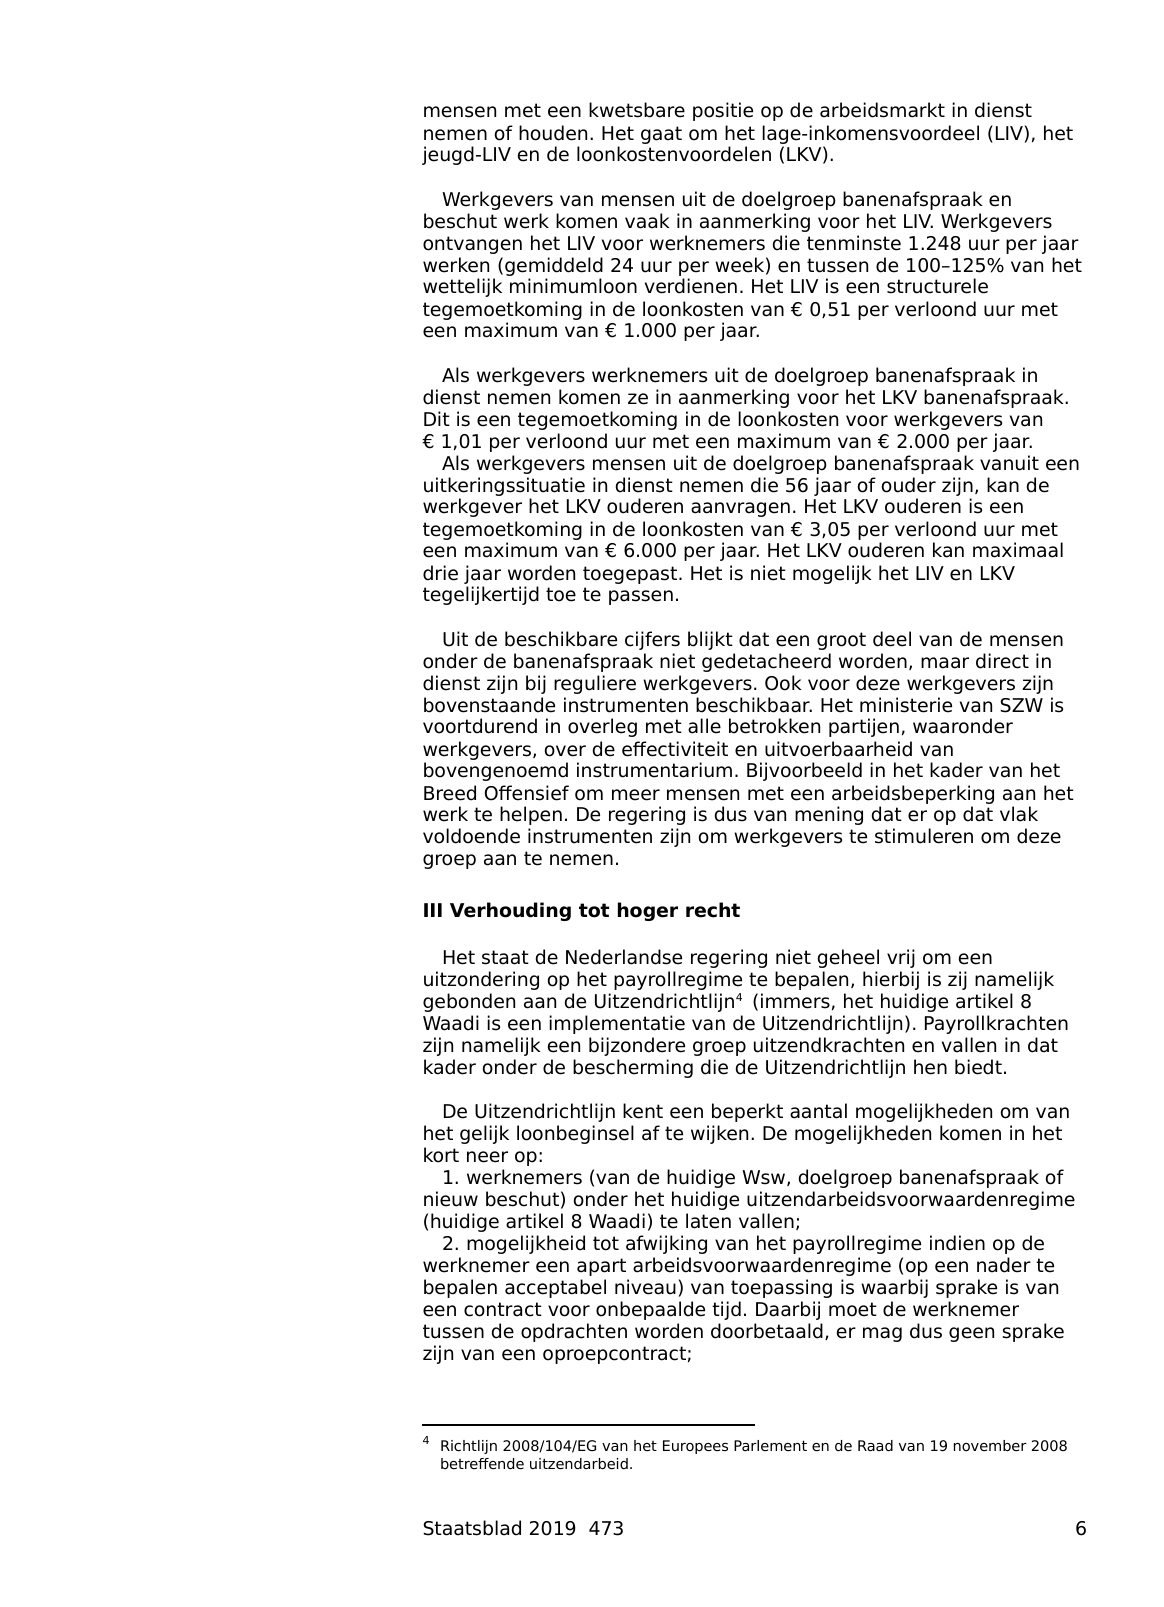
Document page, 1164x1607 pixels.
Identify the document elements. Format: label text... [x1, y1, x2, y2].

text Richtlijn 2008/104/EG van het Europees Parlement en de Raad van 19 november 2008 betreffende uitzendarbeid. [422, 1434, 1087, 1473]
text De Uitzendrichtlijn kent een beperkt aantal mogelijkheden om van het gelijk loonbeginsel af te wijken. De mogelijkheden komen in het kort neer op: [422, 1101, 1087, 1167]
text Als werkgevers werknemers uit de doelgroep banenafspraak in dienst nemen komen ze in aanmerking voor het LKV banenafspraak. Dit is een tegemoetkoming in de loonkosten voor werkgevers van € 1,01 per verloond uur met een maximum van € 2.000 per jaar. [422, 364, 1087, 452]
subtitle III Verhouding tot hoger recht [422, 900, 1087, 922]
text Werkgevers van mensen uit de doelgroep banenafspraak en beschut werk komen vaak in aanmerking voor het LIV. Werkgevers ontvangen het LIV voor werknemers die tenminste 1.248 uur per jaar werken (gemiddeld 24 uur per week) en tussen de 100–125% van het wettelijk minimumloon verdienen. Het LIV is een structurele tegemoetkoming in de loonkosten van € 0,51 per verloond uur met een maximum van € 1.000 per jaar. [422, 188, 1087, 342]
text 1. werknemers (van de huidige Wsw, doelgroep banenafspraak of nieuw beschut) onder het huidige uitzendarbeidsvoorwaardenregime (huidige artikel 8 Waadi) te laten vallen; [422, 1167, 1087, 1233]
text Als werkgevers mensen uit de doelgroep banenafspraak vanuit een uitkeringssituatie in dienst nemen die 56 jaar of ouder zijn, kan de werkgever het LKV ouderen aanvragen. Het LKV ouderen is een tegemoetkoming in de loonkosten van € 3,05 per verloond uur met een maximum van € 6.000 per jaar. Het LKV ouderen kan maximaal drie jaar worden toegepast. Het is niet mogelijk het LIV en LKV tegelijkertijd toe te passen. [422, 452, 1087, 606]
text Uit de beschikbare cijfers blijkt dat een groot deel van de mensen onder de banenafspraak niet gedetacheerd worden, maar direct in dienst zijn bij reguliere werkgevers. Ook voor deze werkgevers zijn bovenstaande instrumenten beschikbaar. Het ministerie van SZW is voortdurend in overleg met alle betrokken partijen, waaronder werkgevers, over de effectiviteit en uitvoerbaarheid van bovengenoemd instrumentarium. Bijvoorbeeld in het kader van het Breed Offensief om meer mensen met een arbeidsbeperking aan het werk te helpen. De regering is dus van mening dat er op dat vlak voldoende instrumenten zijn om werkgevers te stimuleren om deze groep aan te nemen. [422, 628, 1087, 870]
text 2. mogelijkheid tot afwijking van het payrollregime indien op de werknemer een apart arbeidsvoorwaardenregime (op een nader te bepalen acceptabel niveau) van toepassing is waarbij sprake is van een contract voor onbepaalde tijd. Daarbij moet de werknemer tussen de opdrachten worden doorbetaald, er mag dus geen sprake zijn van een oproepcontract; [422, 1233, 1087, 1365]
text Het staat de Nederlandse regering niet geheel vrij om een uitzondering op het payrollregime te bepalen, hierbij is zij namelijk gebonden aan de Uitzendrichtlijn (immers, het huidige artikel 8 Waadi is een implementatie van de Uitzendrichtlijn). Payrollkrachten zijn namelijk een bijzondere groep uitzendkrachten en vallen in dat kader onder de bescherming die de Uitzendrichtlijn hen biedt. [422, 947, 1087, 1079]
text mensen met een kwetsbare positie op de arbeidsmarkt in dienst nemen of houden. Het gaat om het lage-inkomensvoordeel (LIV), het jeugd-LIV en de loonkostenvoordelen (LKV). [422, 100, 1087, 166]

=-=-=-=-=

__Task to complete__: Scan the entries above. Copy each line that has the string "Uitzendrichtlijn".

__Written solution__:
text De Uitzendrichtlijn kent een beperkt aantal mogelijkheden om van het gelijk loonbeginsel af te wijken. De mogelijkheden komen in het kort neer op: [422, 1101, 1087, 1167]
text Het staat de Nederlandse regering niet geheel vrij om een uitzondering op het payrollregime te bepalen, hierbij is zij namelijk gebonden aan de Uitzendrichtlijn (immers, het huidige artikel 8 Waadi is een implementatie van de Uitzendrichtlijn). Payrollkrachten zijn namelijk een bijzondere groep uitzendkrachten en vallen in dat kader onder de bescherming die de Uitzendrichtlijn hen biedt. [422, 947, 1087, 1079]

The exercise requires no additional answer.